Yes… obviously we would have to farm different crops. They’ve studied this. It’s still insanely inefficient. There are zero studies showing that it’s more efficient to feed crops to animals and then eat the animals. Because it breaks the laws of physics.
getting nutritional value out of crops we won't eat is the exact opposite of inefficient and doesn't break the laws of physics. what kind of fucking nonsense.
What magical world do you live in where we can't grow different crops..? My point about laws of physics is that you cannot produce 1 calorie of protein more efficiently by first growing it and then feeding it to animals and then consuming compared to just growing it and consuming it. It doesn't matter that current cropped are geared towards livestock consumption. People are advocating that we change the industry so that we grow things humans can eat. Which is more efficient. According to every study ever done.

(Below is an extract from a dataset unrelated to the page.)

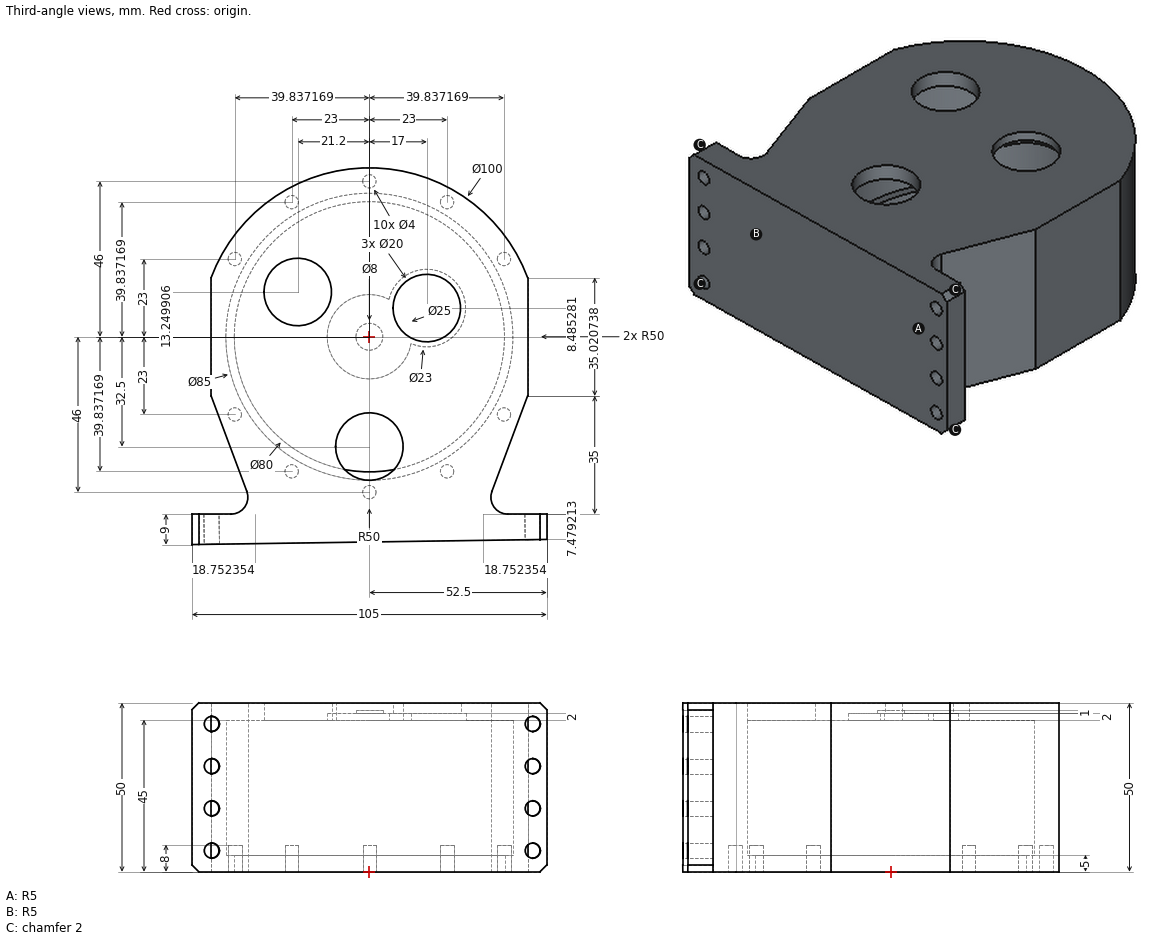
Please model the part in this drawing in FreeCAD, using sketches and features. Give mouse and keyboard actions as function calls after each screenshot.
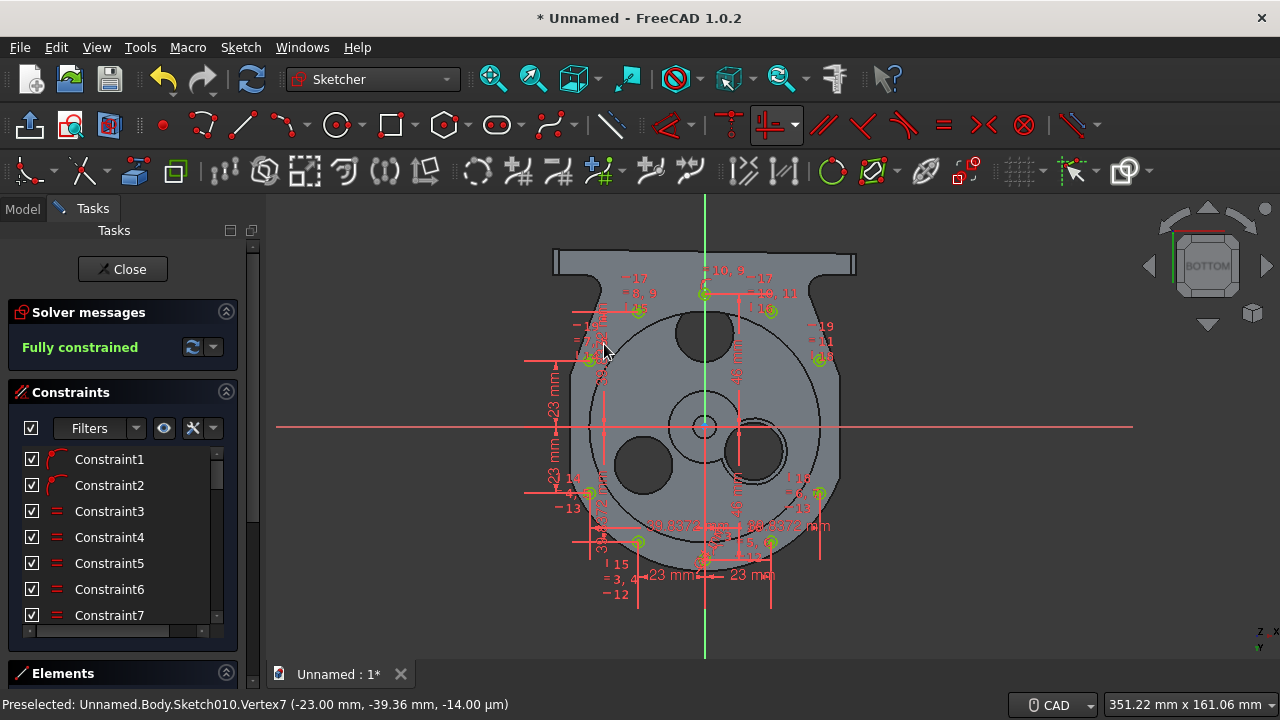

It doesn't matter what different crops we grow. We already grow crops humans can eat. There also exists things that grow that we cannot eat. We can turn those things we cannot eat efficiently into things we can eat efficiently by using a machine called a cow. It turns garbage plants into meat. It's a fantastic machine.
If this machine were made of metal, you would call it fucking groundbreaking for turning garbage into edible food.
Millions of dairy cows and egg-laying hens are tortured and murdered every year so you can eat cheese and eggs. The males laid/birthed by cows and chickens are the lucky ones, they get murdered almost immediately after birth and are spared the years of pain their mothers endure (before being murdered anyway)
1 pound of been is much more nutrient dense than 3 pounds of grain
First off, meat has zero nutrients that can be found elsewhere, second off, this is a misleading statistic. An acre of land produces far more grain calories than cow flesh calories, especially if they're grass fed (it's extremely inefficent in terms of land use).
98% of cow water consumption comes from rain water.
And where, perchance, might all the water for the grain they're being fed at feedlots come from?
Look up water waste of almond crops
A literal drop in the bucket compared to animal agriculture. California produces 70% of the world's almonds yet 0.5% of the world's repackaged cow carcasses. Which one of these do you think uses more of California's water? Plus that's literally only a single plant.
We feed animals mostly what we simply cannot digest or has no value for that and "process and then eat" is basicly animal farming in a nutshell.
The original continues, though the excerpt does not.